__Exercise details__:
The reply should be an exact transcription of every record.

__Information given__:
□ □ □ □ □ □ □

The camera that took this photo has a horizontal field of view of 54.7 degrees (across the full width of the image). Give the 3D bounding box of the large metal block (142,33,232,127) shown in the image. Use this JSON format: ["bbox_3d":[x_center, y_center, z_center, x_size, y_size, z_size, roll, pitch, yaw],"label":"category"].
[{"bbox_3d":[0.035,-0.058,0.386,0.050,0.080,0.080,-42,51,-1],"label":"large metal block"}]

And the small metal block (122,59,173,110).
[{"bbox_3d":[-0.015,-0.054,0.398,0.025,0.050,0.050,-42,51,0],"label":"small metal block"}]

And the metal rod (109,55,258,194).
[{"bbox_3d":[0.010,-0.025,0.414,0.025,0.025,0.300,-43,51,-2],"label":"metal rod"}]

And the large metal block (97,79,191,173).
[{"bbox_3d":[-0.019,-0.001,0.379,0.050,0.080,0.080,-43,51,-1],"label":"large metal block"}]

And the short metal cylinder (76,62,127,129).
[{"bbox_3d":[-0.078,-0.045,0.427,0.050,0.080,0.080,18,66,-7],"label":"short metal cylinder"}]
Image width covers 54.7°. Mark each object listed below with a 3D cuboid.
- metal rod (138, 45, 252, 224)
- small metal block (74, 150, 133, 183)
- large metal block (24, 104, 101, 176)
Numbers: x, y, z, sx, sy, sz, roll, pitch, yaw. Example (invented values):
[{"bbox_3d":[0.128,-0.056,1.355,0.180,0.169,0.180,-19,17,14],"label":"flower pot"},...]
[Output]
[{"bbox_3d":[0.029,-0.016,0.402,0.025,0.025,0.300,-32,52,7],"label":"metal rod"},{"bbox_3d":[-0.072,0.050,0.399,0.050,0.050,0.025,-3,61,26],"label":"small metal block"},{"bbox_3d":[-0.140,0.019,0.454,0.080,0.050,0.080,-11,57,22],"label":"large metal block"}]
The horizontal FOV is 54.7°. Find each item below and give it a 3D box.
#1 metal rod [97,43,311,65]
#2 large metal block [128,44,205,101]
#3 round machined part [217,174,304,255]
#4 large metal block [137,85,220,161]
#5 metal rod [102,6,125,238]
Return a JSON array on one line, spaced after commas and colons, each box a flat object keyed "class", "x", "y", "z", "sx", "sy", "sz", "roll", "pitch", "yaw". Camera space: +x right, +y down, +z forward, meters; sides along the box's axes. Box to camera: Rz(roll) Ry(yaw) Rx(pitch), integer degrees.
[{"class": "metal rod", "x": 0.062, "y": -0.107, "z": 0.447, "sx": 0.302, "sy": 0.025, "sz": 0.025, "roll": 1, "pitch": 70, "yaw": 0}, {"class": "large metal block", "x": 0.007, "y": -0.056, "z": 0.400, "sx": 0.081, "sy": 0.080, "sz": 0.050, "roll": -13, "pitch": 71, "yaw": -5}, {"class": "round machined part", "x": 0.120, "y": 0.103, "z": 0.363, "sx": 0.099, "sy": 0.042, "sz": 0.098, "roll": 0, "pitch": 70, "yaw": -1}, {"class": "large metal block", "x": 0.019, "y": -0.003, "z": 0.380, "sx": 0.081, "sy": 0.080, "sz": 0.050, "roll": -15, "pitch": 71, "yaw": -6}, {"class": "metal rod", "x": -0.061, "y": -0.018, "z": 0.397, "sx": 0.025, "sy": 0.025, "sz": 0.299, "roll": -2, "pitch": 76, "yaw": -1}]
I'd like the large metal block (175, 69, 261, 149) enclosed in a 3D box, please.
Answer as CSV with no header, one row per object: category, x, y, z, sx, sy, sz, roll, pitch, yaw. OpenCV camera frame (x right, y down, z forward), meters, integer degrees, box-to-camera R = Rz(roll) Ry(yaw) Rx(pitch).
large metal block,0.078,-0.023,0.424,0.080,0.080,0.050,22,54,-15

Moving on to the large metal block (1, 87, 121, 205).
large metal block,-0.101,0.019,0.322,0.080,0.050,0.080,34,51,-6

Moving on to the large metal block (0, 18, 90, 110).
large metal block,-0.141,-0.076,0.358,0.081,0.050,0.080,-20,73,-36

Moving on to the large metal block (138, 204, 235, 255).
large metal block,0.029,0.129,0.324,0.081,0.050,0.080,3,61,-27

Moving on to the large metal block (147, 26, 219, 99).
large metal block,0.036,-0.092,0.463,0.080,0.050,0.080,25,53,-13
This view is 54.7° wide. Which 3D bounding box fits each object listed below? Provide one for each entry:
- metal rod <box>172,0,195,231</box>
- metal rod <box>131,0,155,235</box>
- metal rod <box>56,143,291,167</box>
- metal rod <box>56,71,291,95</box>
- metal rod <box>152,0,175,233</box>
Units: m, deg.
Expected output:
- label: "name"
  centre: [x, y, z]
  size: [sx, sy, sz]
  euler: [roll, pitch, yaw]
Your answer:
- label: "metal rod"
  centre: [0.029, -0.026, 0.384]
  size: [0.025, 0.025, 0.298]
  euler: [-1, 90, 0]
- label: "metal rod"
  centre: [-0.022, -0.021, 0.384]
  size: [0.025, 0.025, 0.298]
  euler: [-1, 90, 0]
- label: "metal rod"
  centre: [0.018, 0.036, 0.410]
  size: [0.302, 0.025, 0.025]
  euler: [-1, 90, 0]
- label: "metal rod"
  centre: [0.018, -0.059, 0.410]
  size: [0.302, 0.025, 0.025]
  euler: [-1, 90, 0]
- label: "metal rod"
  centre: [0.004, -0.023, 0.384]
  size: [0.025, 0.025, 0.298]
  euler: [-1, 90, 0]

□ □ □ □ □ □ □

__Response box__:
The camera that took this photo has a horizontal field of view of 54.7 degrees (across the full width of the image). Give the 3D bounding box of the large metal block (142,33,232,127) shown in the image. Use this JSON format: ["bbox_3d":[x_center, y_center, z_center, x_size, y_size, z_size, roll, pitch, yaw],"label":"category"].
[{"bbox_3d":[0.035,-0.058,0.386,0.050,0.080,0.080,-42,51,-1],"label":"large metal block"}]

And the small metal block (122,59,173,110).
[{"bbox_3d":[-0.015,-0.054,0.398,0.025,0.050,0.050,-42,51,0],"label":"small metal block"}]

And the metal rod (109,55,258,194).
[{"bbox_3d":[0.010,-0.025,0.414,0.025,0.025,0.300,-43,51,-2],"label":"metal rod"}]

And the large metal block (97,79,191,173).
[{"bbox_3d":[-0.019,-0.001,0.379,0.050,0.080,0.080,-43,51,-1],"label":"large metal block"}]

And the short metal cylinder (76,62,127,129).
[{"bbox_3d":[-0.078,-0.045,0.427,0.050,0.080,0.080,18,66,-7],"label":"short metal cylinder"}]
Image width covers 54.7°. Mark each object listed below with a 3D cuboid.
- metal rod (138, 45, 252, 224)
- small metal block (74, 150, 133, 183)
- large metal block (24, 104, 101, 176)
Numbers: x, y, z, sx, sy, sz, roll, pitch, yaw. Example (invented values):
[{"bbox_3d":[0.128,-0.056,1.355,0.180,0.169,0.180,-19,17,14],"label":"flower pot"},...]
[Output]
[{"bbox_3d":[0.029,-0.016,0.402,0.025,0.025,0.300,-32,52,7],"label":"metal rod"},{"bbox_3d":[-0.072,0.050,0.399,0.050,0.050,0.025,-3,61,26],"label":"small metal block"},{"bbox_3d":[-0.140,0.019,0.454,0.080,0.050,0.080,-11,57,22],"label":"large metal block"}]
The horizontal FOV is 54.7°. Find each item below and give it a 3D box.
#1 metal rod [97,43,311,65]
#2 large metal block [128,44,205,101]
#3 round machined part [217,174,304,255]
#4 large metal block [137,85,220,161]
#5 metal rod [102,6,125,238]
Return a JSON array on one line, spaced after commas and colons, each box a flat object keyed "class", "x", "y", "z", "sx", "sy", "sz", "roll", "pitch", "yaw". Camera space: +x right, +y down, +z forward, meters; sides along the box's axes. Box to camera: Rz(roll) Ry(yaw) Rx(pitch), integer degrees.
[{"class": "metal rod", "x": 0.062, "y": -0.107, "z": 0.447, "sx": 0.302, "sy": 0.025, "sz": 0.025, "roll": 1, "pitch": 70, "yaw": 0}, {"class": "large metal block", "x": 0.007, "y": -0.056, "z": 0.400, "sx": 0.081, "sy": 0.080, "sz": 0.050, "roll": -13, "pitch": 71, "yaw": -5}, {"class": "round machined part", "x": 0.120, "y": 0.103, "z": 0.363, "sx": 0.099, "sy": 0.042, "sz": 0.098, "roll": 0, "pitch": 70, "yaw": -1}, {"class": "large metal block", "x": 0.019, "y": -0.003, "z": 0.380, "sx": 0.081, "sy": 0.080, "sz": 0.050, "roll": -15, "pitch": 71, "yaw": -6}, {"class": "metal rod", "x": -0.061, "y": -0.018, "z": 0.397, "sx": 0.025, "sy": 0.025, "sz": 0.299, "roll": -2, "pitch": 76, "yaw": -1}]
I'd like the large metal block (175, 69, 261, 149) enclosed in a 3D box, please.
Answer as CSV with no header, one row per object: category, x, y, z, sx, sy, sz, roll, pitch, yaw. OpenCV camera frame (x right, y down, z forward), meters, integer degrees, box-to-camera R = Rz(roll) Ry(yaw) Rx(pitch).
large metal block,0.078,-0.023,0.424,0.080,0.080,0.050,22,54,-15

Moving on to the large metal block (1, 87, 121, 205).
large metal block,-0.101,0.019,0.322,0.080,0.050,0.080,34,51,-6

Moving on to the large metal block (0, 18, 90, 110).
large metal block,-0.141,-0.076,0.358,0.081,0.050,0.080,-20,73,-36

Moving on to the large metal block (138, 204, 235, 255).
large metal block,0.029,0.129,0.324,0.081,0.050,0.080,3,61,-27

Moving on to the large metal block (147, 26, 219, 99).
large metal block,0.036,-0.092,0.463,0.080,0.050,0.080,25,53,-13
This view is 54.7° wide. Which 3D bounding box fits each object listed below? Provide one for each entry:
- metal rod <box>172,0,195,231</box>
- metal rod <box>131,0,155,235</box>
- metal rod <box>56,143,291,167</box>
- metal rod <box>56,71,291,95</box>
- metal rod <box>152,0,175,233</box>
Units: m, deg.
Expected output:
- label: "name"
  centre: [x, y, z]
  size: [sx, sy, sz]
  euler: [roll, pitch, yaw]
Your answer:
- label: "metal rod"
  centre: [0.029, -0.026, 0.384]
  size: [0.025, 0.025, 0.298]
  euler: [-1, 90, 0]
- label: "metal rod"
  centre: [-0.022, -0.021, 0.384]
  size: [0.025, 0.025, 0.298]
  euler: [-1, 90, 0]
- label: "metal rod"
  centre: [0.018, 0.036, 0.410]
  size: [0.302, 0.025, 0.025]
  euler: [-1, 90, 0]
- label: "metal rod"
  centre: [0.018, -0.059, 0.410]
  size: [0.302, 0.025, 0.025]
  euler: [-1, 90, 0]
- label: "metal rod"
  centre: [0.004, -0.023, 0.384]
  size: [0.025, 0.025, 0.298]
  euler: [-1, 90, 0]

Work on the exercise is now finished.